Your objective: For the material below, set down exactly the lines between the one containing "Answer: Diamond Which" and the last line, both included, leaving every picture out.
Given data: Begin
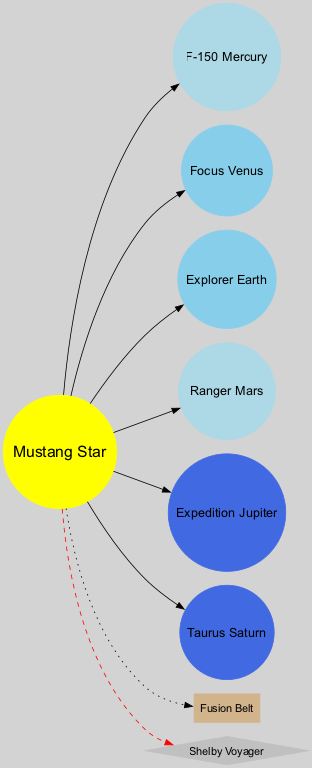What is the name of the star at the center of the diagram? The center of the diagram contains a node labeled "Mustang Star". This node represents the sun in this Ford-inspired solar system.
Answer: Mustang Star How many planets are there in the diagram? By counting the nodes representing the planets, there are six nodes labeled with the names of planets. Each one corresponds to a distinct planet in this solar system.
Answer: 6 Which planet is closest to the sun? The diagram shows the first planet in order as "F-150 Mercury", which is connected directly to the "Mustang Star" node, indicating it is the closest planet to the sun.
Answer: F-150 Mercury What is the largest planet in this solar system? "Expedition Jupiter" is indicated as a large planet among the provided names. The size descriptor is explicitly stated alongside the planet's name in the diagram, making it clear that it is the largest.
Answer: Expedition Jupiter How does the "Fusion Belt" relate to the sun? The "Fusion Belt" node is connected to the "Mustang Star" node via a dotted edge, which indicates a less direct relationship compared to the solid lines connecting the planets. The dotted line means it is an asteroid belt that relies on the sun's gravity but is separate from the planets.
Answer: Dotted edge Which planet is represented with a medium size in the diagram? Both "Focus Venus" and "Explorer Earth" are labeled with a medium size, according to the size descriptors associated with their respective nodes, indicating two planets share this characteristic.
Answer: Focus Venus, Explorer Earth What type of shape is the "Shelby Voyager"? The "Shelby Voyager" is represented as a diamond shape in the diagram, which signifies it as a spacecraft, distinct from the circular shapes of the planets and the box shape of the asteroid belt.
Answer: Diamond Which planet is furthest from the sun? "Taurus Saturn" is the sixth planet in the order listed in the diagram and is therefore the furthest from the sun, considering the arrangement of planets.
Answer: Taurus Saturn 
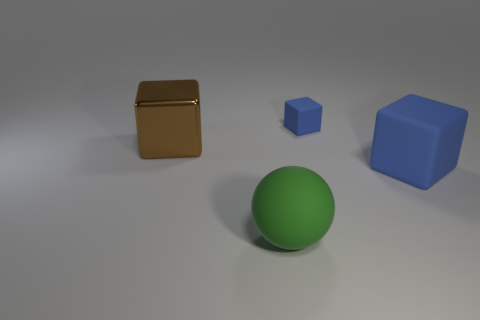Subtract all blue rubber cubes. How many cubes are left? 1 Subtract 1 balls. How many balls are left? 0 Add 2 brown cubes. How many objects exist? 6 Subtract all brown cubes. How many cubes are left? 2 Subtract all cubes. How many objects are left? 1 Subtract 0 gray blocks. How many objects are left? 4 Subtract all green blocks. Subtract all blue cylinders. How many blocks are left? 3 Subtract all cyan spheres. How many brown blocks are left? 1 Subtract all small blue objects. Subtract all big blue objects. How many objects are left? 2 Add 3 large blue cubes. How many large blue cubes are left? 4 
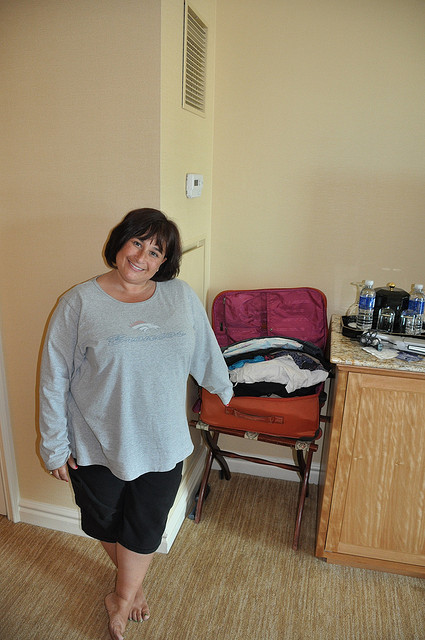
Given data: End
Answer for this exercise:
Answer: Diamond Which planet is furthest from the sun? "Taurus Saturn" is the sixth planet in the order listed in the diagram and is therefore the furthest from the sun, considering the arrangement of planets.
Answer: Taurus Saturn 
Subtract all blue rubber cubes. How many cubes are left? 1 Subtract 1 balls. How many balls are left? 0 Add 2 brown cubes. How many objects exist? 6 Subtract all brown cubes. How many cubes are left? 2 Subtract all cubes. How many objects are left? 1 Subtract 0 gray blocks. How many objects are left? 4 Subtract all green blocks. Subtract all blue cylinders. How many blocks are left? 3 Subtract all cyan spheres. How many brown blocks are left? 1 Subtract all small blue objects. Subtract all big blue objects. How many objects are left? 2 Add 3 large blue cubes. How many large blue cubes are left? 4 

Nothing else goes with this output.